MATERIAL PROVIDED section start
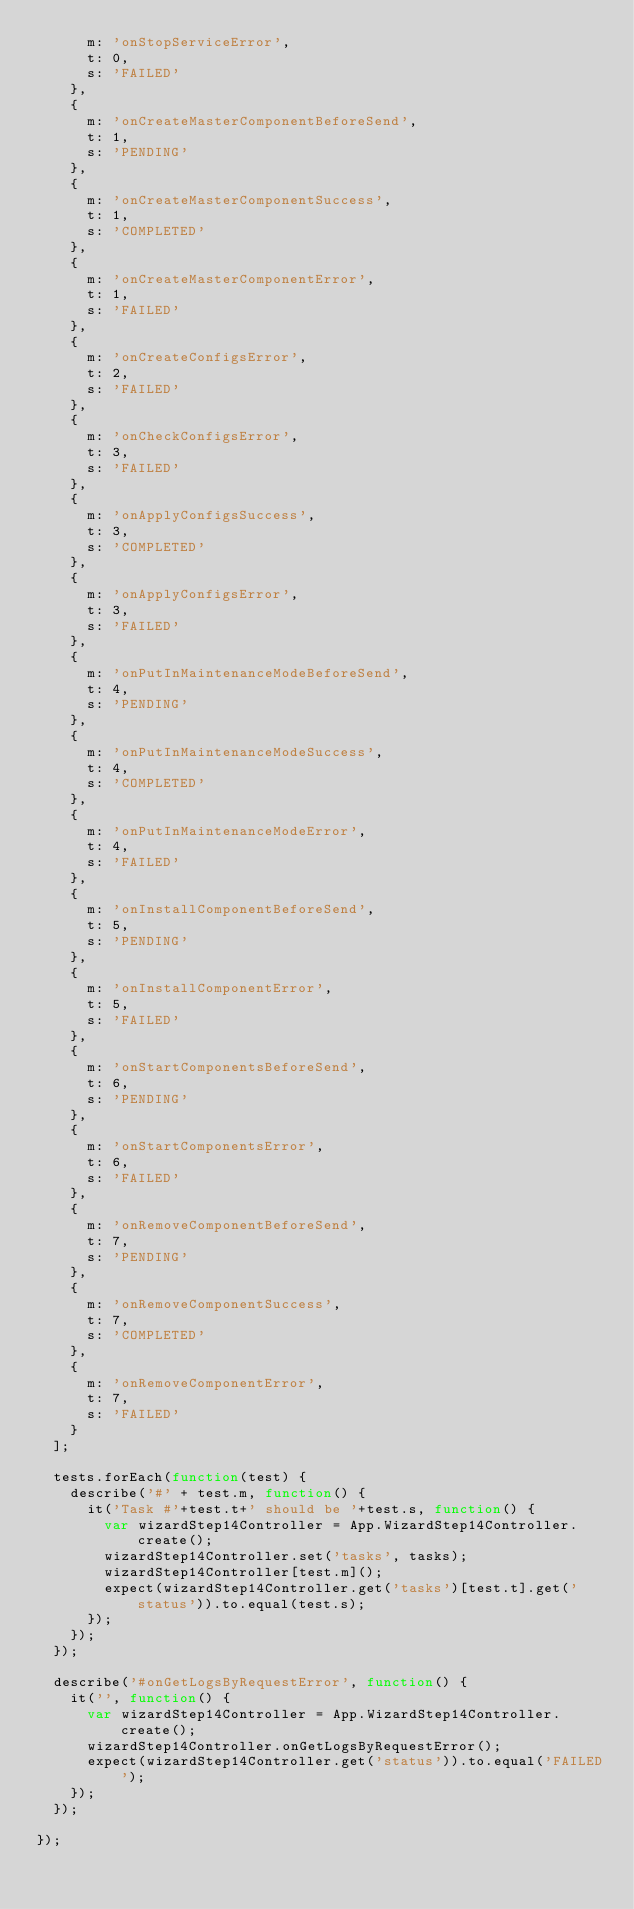<code> <loc_0><loc_0><loc_500><loc_500><_JavaScript_>      m: 'onStopServiceError',
      t: 0,
      s: 'FAILED'
    },
    {
      m: 'onCreateMasterComponentBeforeSend',
      t: 1,
      s: 'PENDING'
    },
    {
      m: 'onCreateMasterComponentSuccess',
      t: 1,
      s: 'COMPLETED'
    },
    {
      m: 'onCreateMasterComponentError',
      t: 1,
      s: 'FAILED'
    },
    {
      m: 'onCreateConfigsError',
      t: 2,
      s: 'FAILED'
    },
    {
      m: 'onCheckConfigsError',
      t: 3,
      s: 'FAILED'
    },
    {
      m: 'onApplyConfigsSuccess',
      t: 3,
      s: 'COMPLETED'
    },
    {
      m: 'onApplyConfigsError',
      t: 3,
      s: 'FAILED'
    },
    {
      m: 'onPutInMaintenanceModeBeforeSend',
      t: 4,
      s: 'PENDING'
    },
    {
      m: 'onPutInMaintenanceModeSuccess',
      t: 4,
      s: 'COMPLETED'
    },
    {
      m: 'onPutInMaintenanceModeError',
      t: 4,
      s: 'FAILED'
    },
    {
      m: 'onInstallComponentBeforeSend',
      t: 5,
      s: 'PENDING'
    },
    {
      m: 'onInstallComponentError',
      t: 5,
      s: 'FAILED'
    },
    {
      m: 'onStartComponentsBeforeSend',
      t: 6,
      s: 'PENDING'
    },
    {
      m: 'onStartComponentsError',
      t: 6,
      s: 'FAILED'
    },
    {
      m: 'onRemoveComponentBeforeSend',
      t: 7,
      s: 'PENDING'
    },
    {
      m: 'onRemoveComponentSuccess',
      t: 7,
      s: 'COMPLETED'
    },
    {
      m: 'onRemoveComponentError',
      t: 7,
      s: 'FAILED'
    }
  ];

  tests.forEach(function(test) {
    describe('#' + test.m, function() {
      it('Task #'+test.t+' should be '+test.s, function() {
        var wizardStep14Controller = App.WizardStep14Controller.create();
        wizardStep14Controller.set('tasks', tasks);
        wizardStep14Controller[test.m]();
        expect(wizardStep14Controller.get('tasks')[test.t].get('status')).to.equal(test.s);
      });
    });
  });

  describe('#onGetLogsByRequestError', function() {
    it('', function() {
      var wizardStep14Controller = App.WizardStep14Controller.create();
      wizardStep14Controller.onGetLogsByRequestError();
      expect(wizardStep14Controller.get('status')).to.equal('FAILED');
    });
  });

});
</code>
MATERIAL PROVIDED section end
WHAT YOU NEED TO DO »
Write out every line of the entries above exactly, and omit their pictures.

SOLUTION TO THE PROBLEM »
<code> <loc_0><loc_0><loc_500><loc_500><_JavaScript_>      m: 'onStopServiceError',
      t: 0,
      s: 'FAILED'
    },
    {
      m: 'onCreateMasterComponentBeforeSend',
      t: 1,
      s: 'PENDING'
    },
    {
      m: 'onCreateMasterComponentSuccess',
      t: 1,
      s: 'COMPLETED'
    },
    {
      m: 'onCreateMasterComponentError',
      t: 1,
      s: 'FAILED'
    },
    {
      m: 'onCreateConfigsError',
      t: 2,
      s: 'FAILED'
    },
    {
      m: 'onCheckConfigsError',
      t: 3,
      s: 'FAILED'
    },
    {
      m: 'onApplyConfigsSuccess',
      t: 3,
      s: 'COMPLETED'
    },
    {
      m: 'onApplyConfigsError',
      t: 3,
      s: 'FAILED'
    },
    {
      m: 'onPutInMaintenanceModeBeforeSend',
      t: 4,
      s: 'PENDING'
    },
    {
      m: 'onPutInMaintenanceModeSuccess',
      t: 4,
      s: 'COMPLETED'
    },
    {
      m: 'onPutInMaintenanceModeError',
      t: 4,
      s: 'FAILED'
    },
    {
      m: 'onInstallComponentBeforeSend',
      t: 5,
      s: 'PENDING'
    },
    {
      m: 'onInstallComponentError',
      t: 5,
      s: 'FAILED'
    },
    {
      m: 'onStartComponentsBeforeSend',
      t: 6,
      s: 'PENDING'
    },
    {
      m: 'onStartComponentsError',
      t: 6,
      s: 'FAILED'
    },
    {
      m: 'onRemoveComponentBeforeSend',
      t: 7,
      s: 'PENDING'
    },
    {
      m: 'onRemoveComponentSuccess',
      t: 7,
      s: 'COMPLETED'
    },
    {
      m: 'onRemoveComponentError',
      t: 7,
      s: 'FAILED'
    }
  ];

  tests.forEach(function(test) {
    describe('#' + test.m, function() {
      it('Task #'+test.t+' should be '+test.s, function() {
        var wizardStep14Controller = App.WizardStep14Controller.create();
        wizardStep14Controller.set('tasks', tasks);
        wizardStep14Controller[test.m]();
        expect(wizardStep14Controller.get('tasks')[test.t].get('status')).to.equal(test.s);
      });
    });
  });

  describe('#onGetLogsByRequestError', function() {
    it('', function() {
      var wizardStep14Controller = App.WizardStep14Controller.create();
      wizardStep14Controller.onGetLogsByRequestError();
      expect(wizardStep14Controller.get('status')).to.equal('FAILED');
    });
  });

});
</code>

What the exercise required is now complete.